Letter from Dr. Fitzpatrick to WCC Board of Trustees (January 29, 2015)

Members of the WCC Board of Trustees:

I am contacting you in regard to Tuesday night’s briefing on Student Success Software.  I am doing so both to express concern about the apparently rushed nature of the decision that is before you and also to correct the record.

Regarding the rushed nature of the decision:

One only need look at the large number of issues we encounter with Blackboard to understand that the decision on this new software needs to be done with a great deal of deliberation.  Blackboard is a badly flawed platform.  For every problem its vendor fixes, two more are created.  In the last year I alone have discovered two serious flaws in our current version of Blackboard.  Both have been “fixed” and those fixes will be in the next version of Blackboard when we transition to it in May.  Yet I fully expect that, with that new version, we will find new serious defects in the software.  I expect that because that has been the track record for Blackboard for as long as we have been using it.

For years the faculty have urged the College to look at other platforms, but the fact of the matter is that it would take a huge investment in software, equipment, training, time, and other resources to replace Blackboard.  We, then, are stuck with a platform that serves us poorly.

And, to be clear, this is really no one’s fault on this campus.  It is what it is.

So now we are looking at making another substantial investment in software, software on which we likely will become as dependent as we have on Blackboard.  It is therefore imperative that this software be fully researched, that discussions take place between the potential users at WCC and the users at other campuses, that it is thoroughly tested by potential users on this campus, and after these steps have been taken, that informed discussions take place between faculty and administration at WCC before the College makes this substantial investment.

If the vendor wants our business, they’ll keep the negotiated price until we have done due diligence and have had a thorough evaluation process.  If they are not willing to allow us to do due diligence, they don’t deserve our business, nor ought they receive it.

Correcting the Record:

There are three issues here.  First, the statement was made Tuesday night that this software would empower counselors.  That’s a wonderful sentiment, but the fact of the matter is we have fewer counselors now than at any time in my 19-year career at WCC.  In their place the college has hired low-cost, low-experience academic advisors who appear to work from a pretty restricted template when advising students.  This is doing a disservice to our students.  Moreover, it is the sense of those few faculty who are aware of the administration’s desire to purchase this software that its purpose is not to empower counselors and advisors, but to replace them.  If one wants to empower counselors, one ought begin that process by hiring counselors to empower, not by spending nearly $400,000 on software.

Second, the statement was made Tuesday night that those of us on the “inside” see the College’s admissions process as a straight line when it really is not.  This simply is not the case for many of us.  For years the faculty have expressed concern and frustration about the needlessly complex admissions process at WCC, and we have made clear that we feared the process was damaging enrollments.  Now the administration proposes to insert yet another impersonal piece of software into the admissions and registration process that prospective students must navigate.  The Board of Trustees, the staff, and the faculty deserve a clear and detailed explanation about how this software will be used, where in the process it will fit, and exactly how it “straightens” that line from a student’s perspective.
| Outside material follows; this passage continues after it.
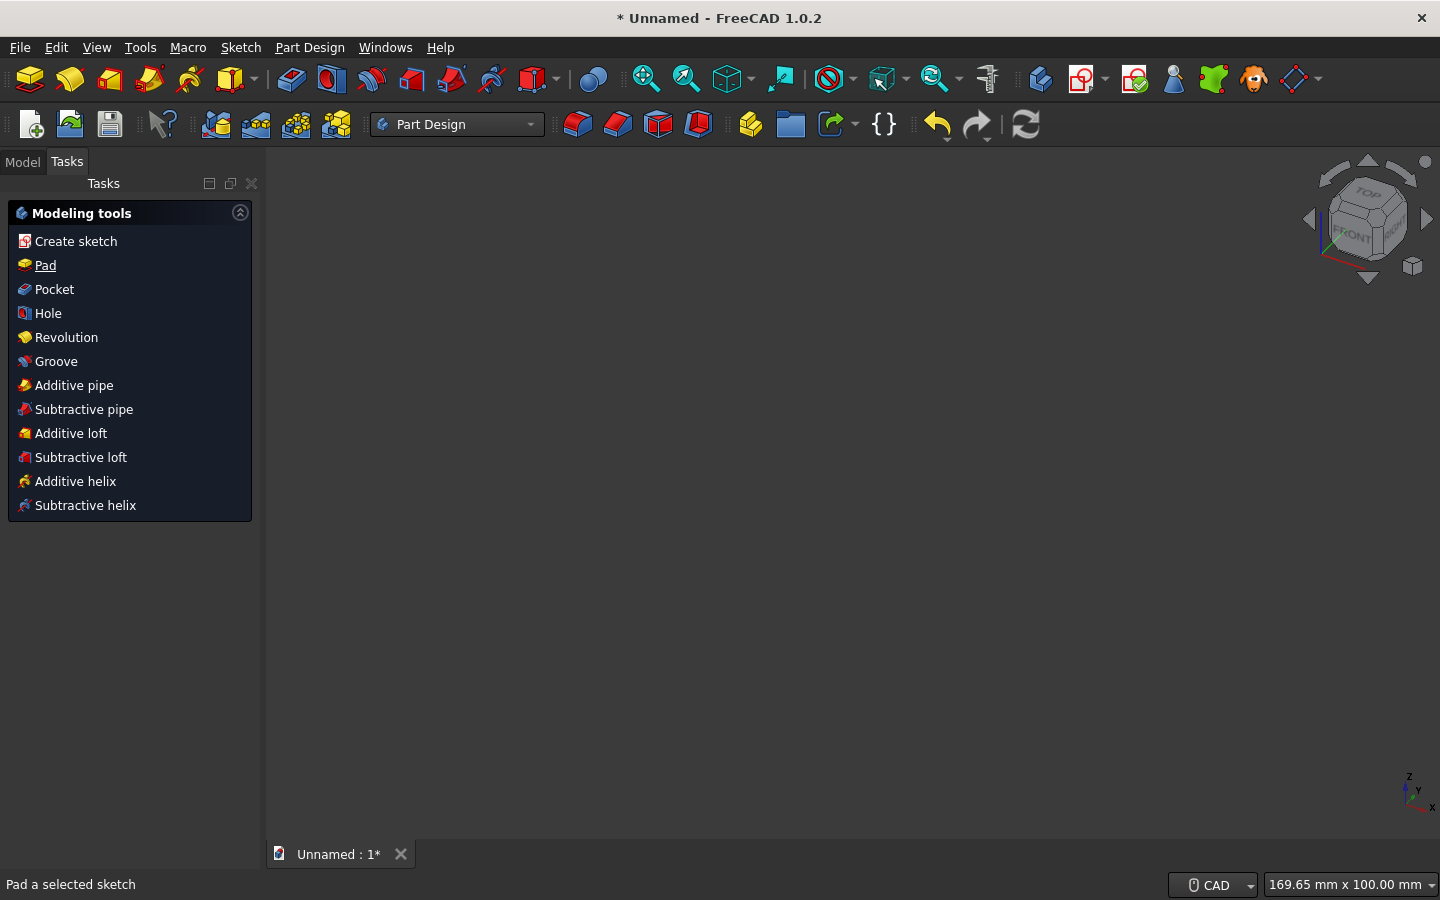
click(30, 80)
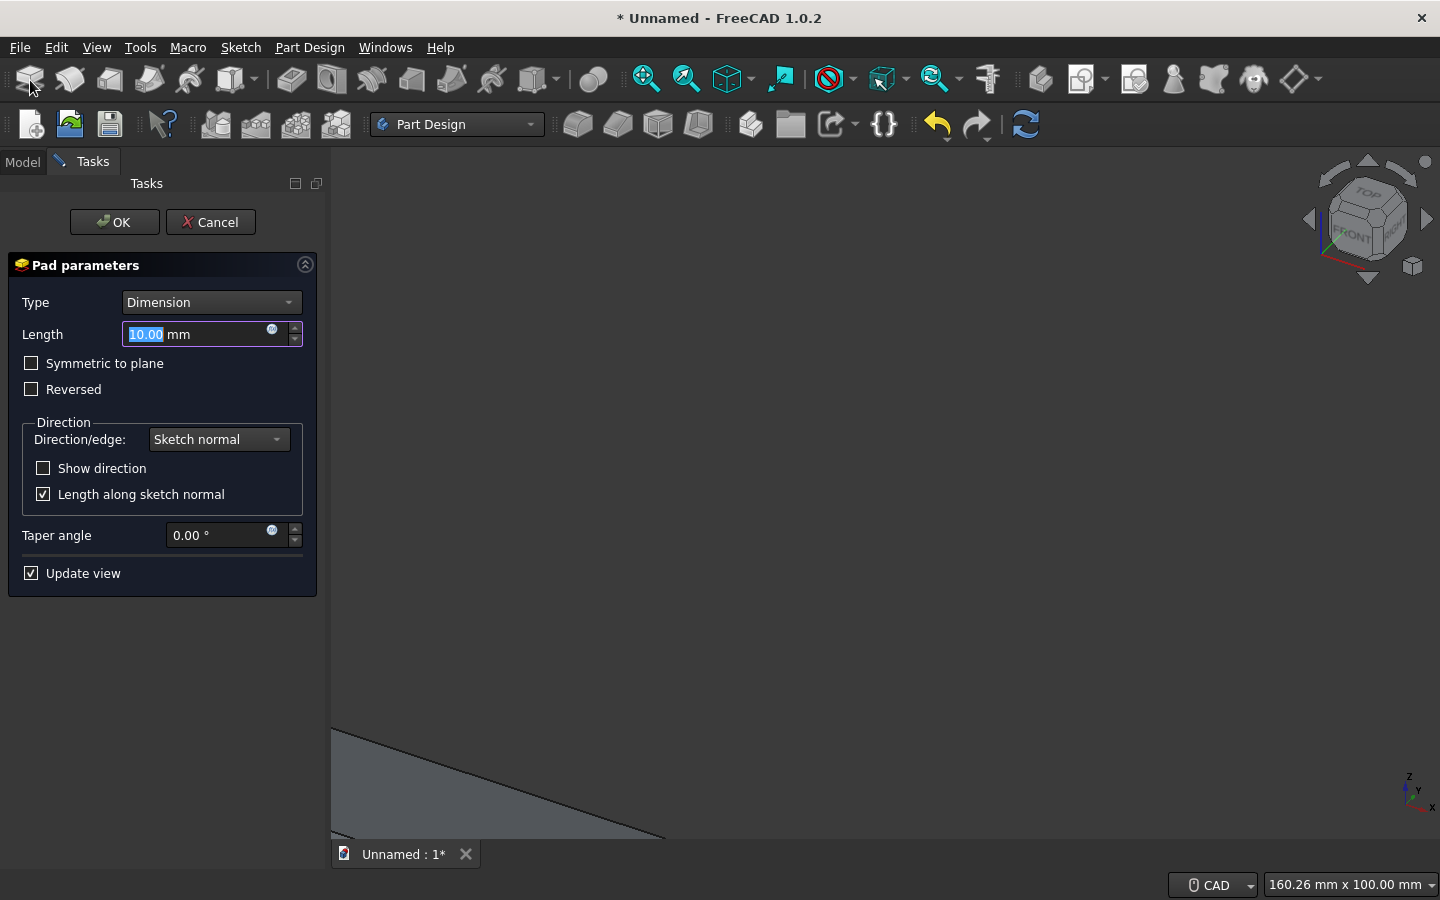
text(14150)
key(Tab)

Finally, I want to make clear the level of faculty involvement in the acquisition process to this point in time.  Yes, the department chairs were told about the software—last Tuesday—without warning and without preparatory material that would have allowed them to come prepared for a serious and substantive discussion.  That “briefing” was conducted by employees of the vendor via teleconference while department chairs were listening to what several have described to me as indecipherable gibberish.  Because departments will not have their monthly meetings until February 12, whatever the department chairs might have gleaned from that briefing, it will not filter its way down to individual faculty for discussion until that date.

This is neither cooperation nor is it collaboration.  It is checking the box so that it can be said the faculty have been informed.

So, I urge the Board of Trustees not be rushed into making a $400,000 decision with which we likely will be stuck for the foreseeable future and likely at a substantially increased price after the third year.